영상을 가져오고 싶은 유튜브 url을 적으면 제목, 영상길이, 조회수 등 영상 정보를 가져올 수 있습니다.

유튜브 플레이리스트에 동영상 다운로드

# 유튜브 플레이리스트 다운로드
from pytube import Playlist

playlist = 'https://www.youtube.com/playlist?list=PLbSYejIKUpAPfQtO5-xwDilxUenp3SRcd'
DOWNLOAD_DIR = r"D:\github\marinelifeirony\Python\mypytube"

p = Playlist(playlist)

for video in p.videos:
    video.streams.first().download(DOWNLOAD_DIR)

실행결과

지정한 DOWNLOAD_DIR에 동영상들이 다운로드 되어진걸 확인 할 수 있습니다.

DOWNLOAD_DIR은 본인 컴퓨터 경로에 맞게 바꿔주시면 됩니다.(현재 코드는 제 컴퓨터 프로젝트 경로입니다)

Playlist를 통해 p.videos는 동영상에 차례로 접근 할수있는 iterable한 Youtube객체를 얻는것을 알 수 있습니다.그런데 다운받은 영상의 화질이 너무 낮습니다! 그 다음은 다운받을 영상의 화질을 정하는것에 대하여 알아보겠습니다.

유튜브 영상 다운로드 퀼리티

from pytube import YouTube
DOWNLOAD_DIR = r"D:\github\marinelifeirony\Python\mypytube"

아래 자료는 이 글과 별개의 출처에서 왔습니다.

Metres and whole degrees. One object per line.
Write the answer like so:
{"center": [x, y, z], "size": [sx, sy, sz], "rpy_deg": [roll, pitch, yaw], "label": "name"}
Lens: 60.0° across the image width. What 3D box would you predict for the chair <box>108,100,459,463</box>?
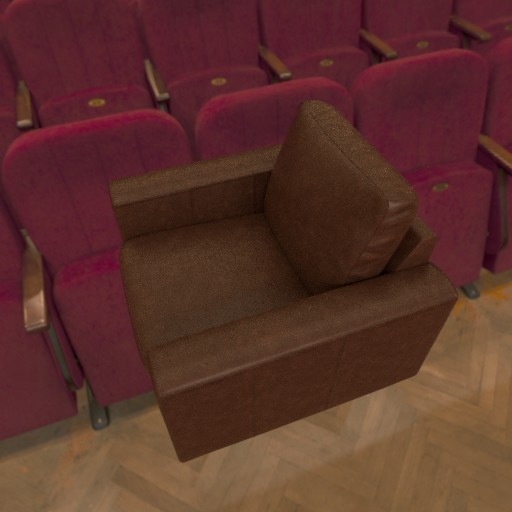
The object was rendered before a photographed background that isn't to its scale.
{"center": [0.000, 0.000, 1.690], "size": [1.016, 0.873, 1.005], "rpy_deg": [-15, 49, -14], "label": "chair"}
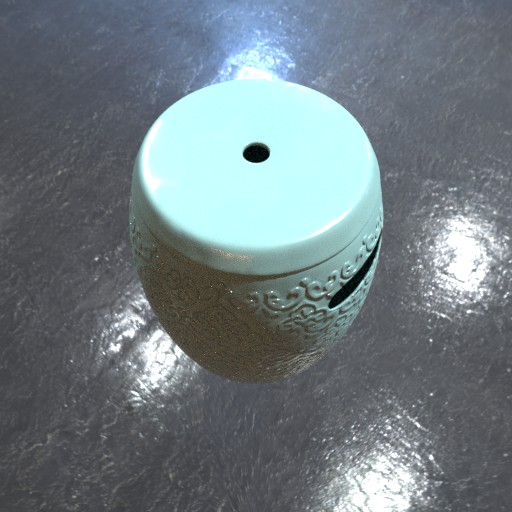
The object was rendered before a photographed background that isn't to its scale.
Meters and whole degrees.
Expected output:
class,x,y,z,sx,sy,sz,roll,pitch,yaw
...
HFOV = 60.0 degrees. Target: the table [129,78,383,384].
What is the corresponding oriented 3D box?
class,x,y,z,sx,sy,sz,roll,pitch,yaw
table,0.000,0.000,0.605,0.309,0.397,0.309,0,59,0
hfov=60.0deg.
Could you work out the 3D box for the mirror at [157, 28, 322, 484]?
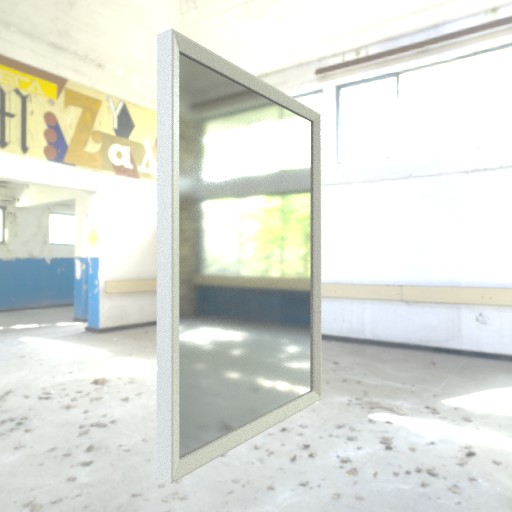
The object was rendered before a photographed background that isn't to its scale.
[{"bbox_3d":[0.000,0.000,0.907,0.039,0.710,0.507,0,0,36],"label":"mirror"}]
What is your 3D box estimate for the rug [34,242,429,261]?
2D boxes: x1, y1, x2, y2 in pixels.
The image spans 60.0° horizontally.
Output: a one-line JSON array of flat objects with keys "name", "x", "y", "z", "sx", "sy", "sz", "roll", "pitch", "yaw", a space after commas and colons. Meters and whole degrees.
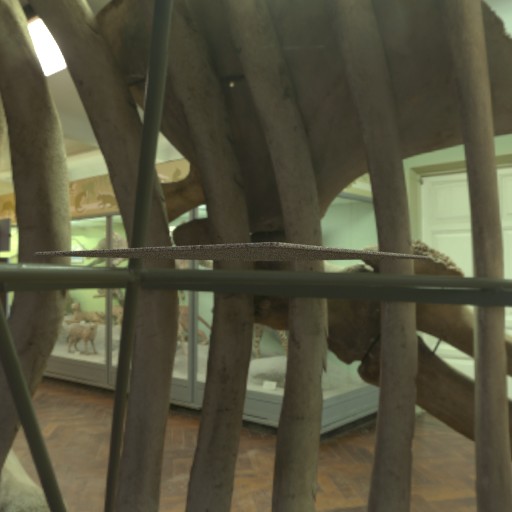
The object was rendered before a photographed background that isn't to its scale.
[{"name": "rug", "x": 0.000, "y": 0.000, "z": 4.248, "sx": 2.438, "sy": 0.029, "sz": 3.047, "roll": -1, "pitch": -2, "yaw": 36}]
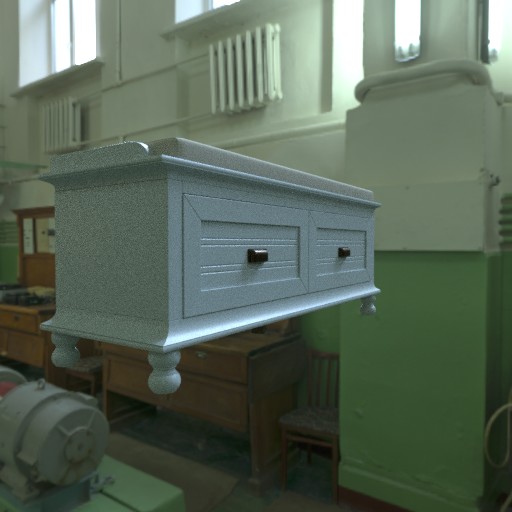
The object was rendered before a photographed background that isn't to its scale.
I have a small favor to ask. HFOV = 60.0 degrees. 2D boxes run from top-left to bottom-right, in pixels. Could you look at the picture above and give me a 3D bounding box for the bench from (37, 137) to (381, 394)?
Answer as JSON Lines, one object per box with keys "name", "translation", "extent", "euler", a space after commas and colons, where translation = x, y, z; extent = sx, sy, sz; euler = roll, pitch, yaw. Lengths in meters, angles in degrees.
{"name": "bench", "translation": [0.000, 0.000, 1.393], "extent": [0.402, 0.486, 1.185], "euler": [1, 2, 34]}
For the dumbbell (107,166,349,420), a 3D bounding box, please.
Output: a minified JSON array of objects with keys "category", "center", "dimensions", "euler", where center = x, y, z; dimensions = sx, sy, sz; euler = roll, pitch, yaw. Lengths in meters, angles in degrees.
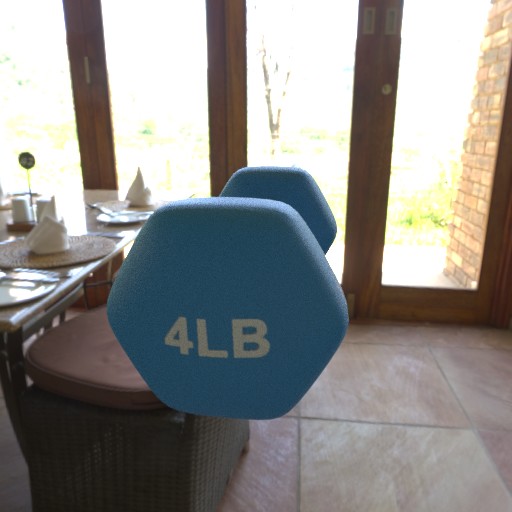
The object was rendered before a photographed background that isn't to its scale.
[{"category":"dumbbell","center":[0.000,0.000,0.191],"dimensions":[0.074,0.066,0.152],"euler":[3,16,9]}]
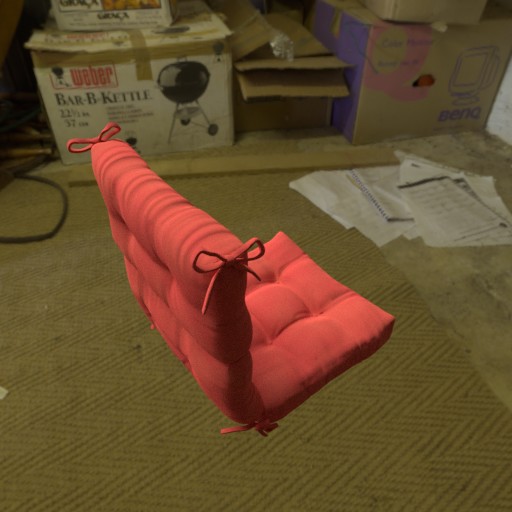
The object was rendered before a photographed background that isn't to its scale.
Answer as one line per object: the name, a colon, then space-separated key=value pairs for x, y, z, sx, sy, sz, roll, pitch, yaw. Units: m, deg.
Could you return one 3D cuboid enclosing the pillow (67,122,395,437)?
pillow: x=0.000 y=0.000 z=1.025 sx=0.571 sy=0.605 sz=0.519 roll=-26 pitch=47 yaw=-28
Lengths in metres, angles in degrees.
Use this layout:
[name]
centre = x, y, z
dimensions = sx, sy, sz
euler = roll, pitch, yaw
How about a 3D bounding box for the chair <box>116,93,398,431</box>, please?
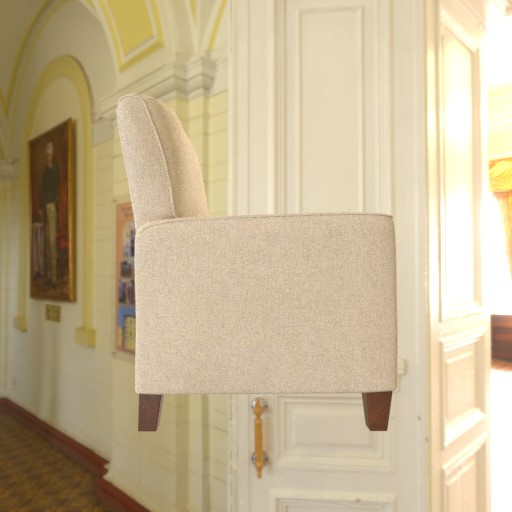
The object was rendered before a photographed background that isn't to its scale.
[chair]
centre = 0.000, 0.000, 1.657
dimensions = 0.859, 1.023, 0.845
euler = 0, -1, -1
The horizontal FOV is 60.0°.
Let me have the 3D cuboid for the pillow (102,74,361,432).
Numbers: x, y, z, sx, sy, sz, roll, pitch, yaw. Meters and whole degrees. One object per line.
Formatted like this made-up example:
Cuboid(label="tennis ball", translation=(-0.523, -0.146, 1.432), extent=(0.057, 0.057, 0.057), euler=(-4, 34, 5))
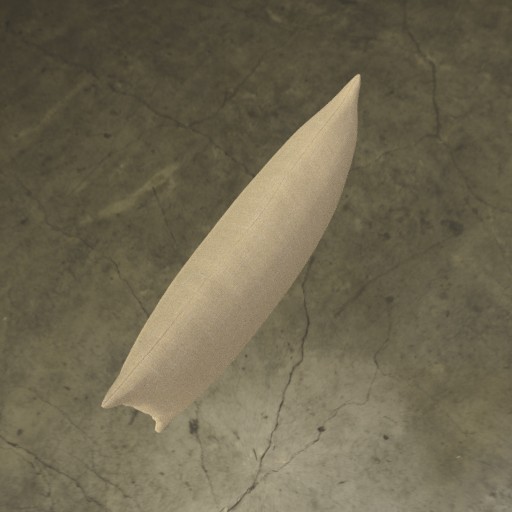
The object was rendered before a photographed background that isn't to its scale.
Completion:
Cuboid(label="pillow", translation=(0.000, 0.000, 0.723), extent=(0.148, 0.308, 0.612), euler=(30, 68, 14))

url = 'https://youtu.be/TtDeUBKpa6c'

yt = YouTube(url)

for stream in yt.streams:
    print(stream)

# yt.streams.get_highest_resolution().download(DOWNLOAD_DIR)
# yt.streams.get_lowest_resolution().download(DOWNLOAD_DIR)
# yt.streams.get_audio_only().download(DOWNLOAD_DIR)

video_filter = yt.streams.filter(mime_type="video/mp4", res="720p", progressive=True)

for stream in video_filter:
    print(stream)

yt.streams에는 사실 iterable한 stream객체들이 들어있습니다.

stream을 전체출력해보면 아래와 같은 실행결과가 나오게 됩니다.

주석 처리 되있는 부분은 pytube에서 기본적으로 제공하는 메소드 인데 get_highest_resolution(), get_lowest_resolution(), get_audio_only() 같은 메소드로 좋은 퀼리티, 나쁜 퀼리티, 오디오만 다운받을 수 있습니다.

하지만 정확히 나는 720p에 mp4확장자의 영상을 원한다고 했을때, 위처럼 filter로 원하는 형태의 비디오를 찾을 수 있습니다.(유튜브를 자주 보시는 분들은 아시겠지만 720p가 없는 최대 화질이 360p인 영상도 있기 때문에 예외처리를 해주셔야 됩니다)

실행결과의 출력물을 보고 본인이 원하는 포맷에 따라 파라미터를 주면 됩니다. 여기서 progressive=True는 영상과 소리가 같이 있는 동영상을 말합니다. False인 경우에는 영상과 소리를 따로 받을 수 있다는 소리겠지요.

실행결과

유튜브 다운로드 진행사항 출력

# 다운로드 진행사항 콜백
from pytube import YouTube

DOWNLOAD_DIR = r"D:\github\marinelifeirony\Python\mypytube"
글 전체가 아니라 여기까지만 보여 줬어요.